File MyQueue.include_c:

/** NOTE: THIS IS NOT A REAL .c FILE, it only looks like one! Don't compile directly! */
void init_queue(MyQueueClass * q)
{
   q->_size = 0;
   q->_head = q->_tail = NULL;
}

void push_back(MyQueueClass * q, MyQueueClassItem * item)
{
   if (q->_head == NULL) q->_head = q->_tail = item;
   else
   {
      q->_tail->_next = item;
      item->_prev = q->_tail;
      q->_tail = item;
   }
   q->_size++;
}

[....All the other standard queue function bodies would go here....]

Then, whenever I wanted to "instantiate" my Queue "template" to use a particular item-type, I'd put something like this into an actual .c and .h file:

In one of my real .h files:

#define MyQueueClass struct SomeSpecificQueueType
#define MyQueueClassItem struct SomeSpecificQueueTypeItem
# include "MyQueue.include_h"
#undef MyQueueClassItem
#undef MyQueueClass

In one of my real .c files (it doesn't matter which one):

#define MyQueueClass struct SomeSpecificQueueType
#define MyQueueClassItem struct SomeSpecificQueueTypeItem
# include "MyQueue.include_c"
#undef MyQueueClass
#undef MyQueueClassItem

.... and presto, the C preprocessor acts as a poor man's template-expander, without requiring the entire "template definition" to be made out of a giant #define statement.

Answer 2

Your example is only one of the many possible uses of templates - generating a generic data structure. This example doesn't need any of the inference which makes templates powerful; asking for something which lets you create generic data structures is not really the same question as asking for something equivalent to C++ templates.
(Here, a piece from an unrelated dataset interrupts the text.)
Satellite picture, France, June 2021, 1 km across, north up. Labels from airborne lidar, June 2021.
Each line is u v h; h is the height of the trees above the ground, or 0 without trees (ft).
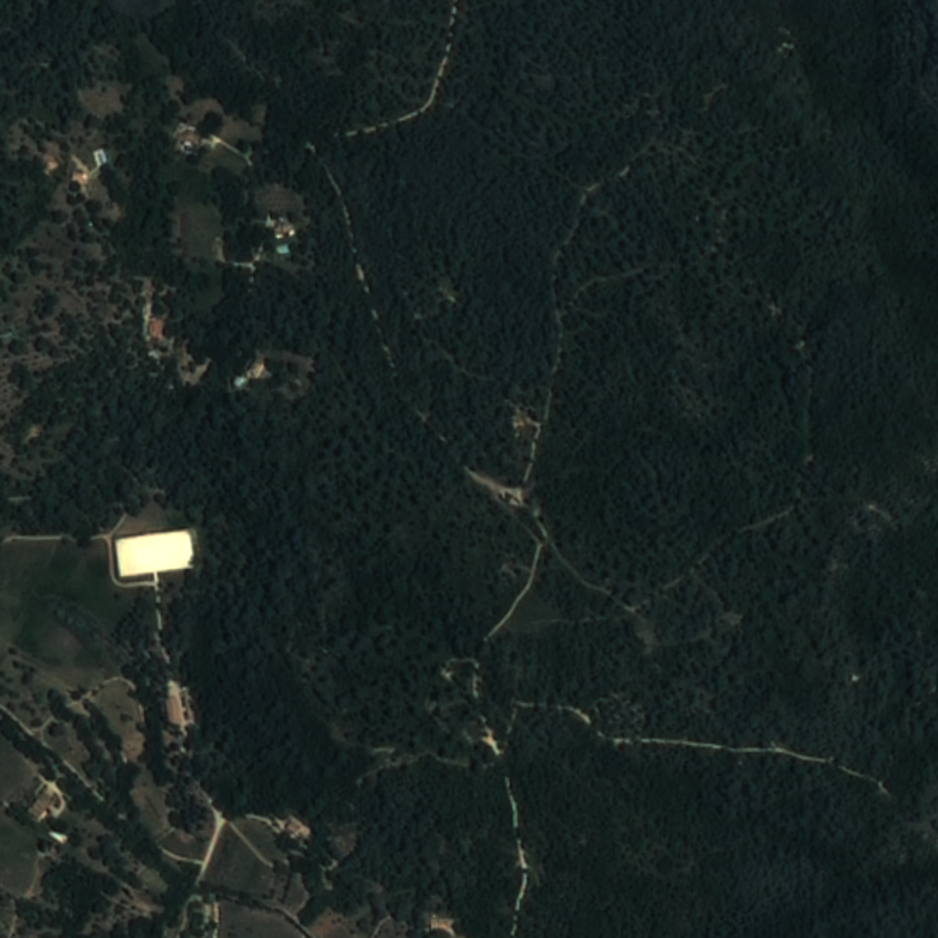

Some of the implementation techniques used for <tgmath.h> might give some type inference capabilities, but they is still much weaker and less portable than C++ templates.

For the specific example of containers, I wouldn't bother - just create a list with void* data in it, and either use malloc and free to create the data, or give the list have a pair of function pointers to create and destroy values. You can also just rely on the client to manage the data, rather than having the value as a member of the list. If you want to save the indirection, use a variable length array as the data member. As C isn't as type-safe as C++, having void* data isn't an issue.

You can do some sophisticated code generation with macros, but there are also other tools to generate code. Personally I like using XSLT for code generation, but then you have a completely non-C-like part of your build process.

Answer 3

Save yourself some trouble and use existing queue(3) set of macros - tried and tested, used in kernel sources, etc.